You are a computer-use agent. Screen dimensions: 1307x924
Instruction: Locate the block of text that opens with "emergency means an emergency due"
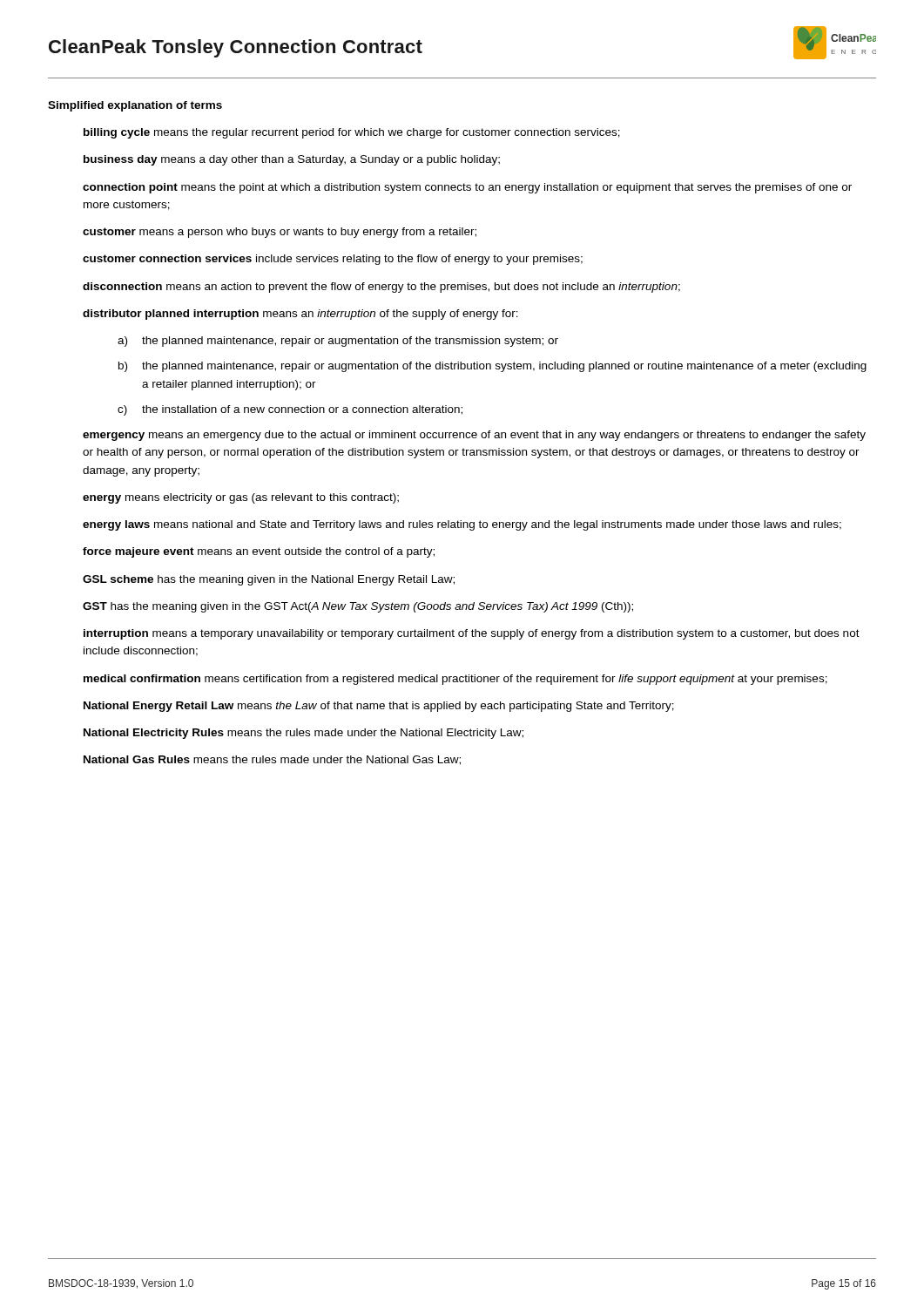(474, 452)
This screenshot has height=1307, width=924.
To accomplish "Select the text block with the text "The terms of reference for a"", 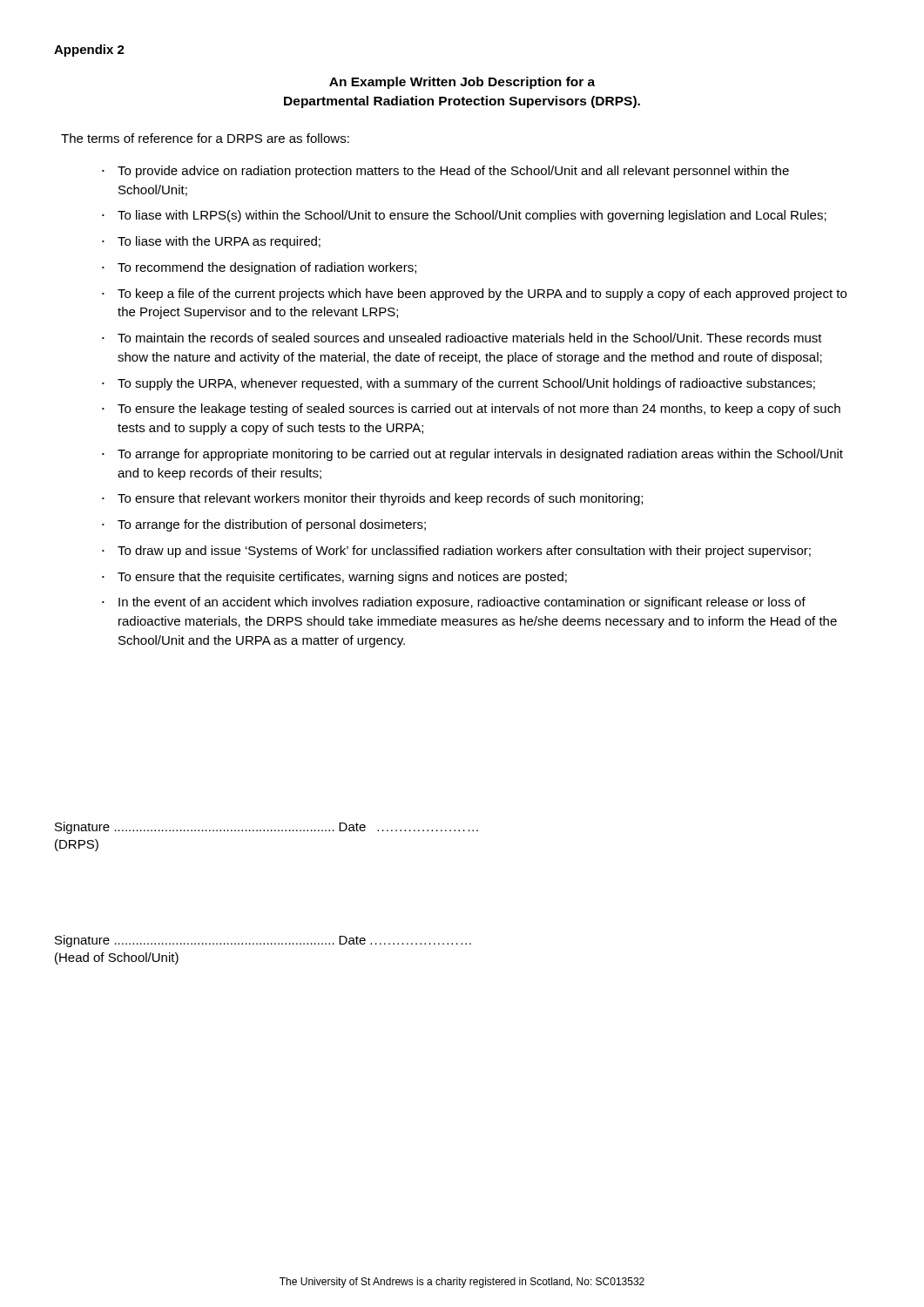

===============

What you are asked to do:
The answer must be the lines above from the line that contains "This screenshot has height=1307, width=924." to the final line of the data, word for word, with no pictures.

Solution:
This screenshot has height=1307, width=924.
To accomplish "Select the text block with the text "The terms of reference for a"", 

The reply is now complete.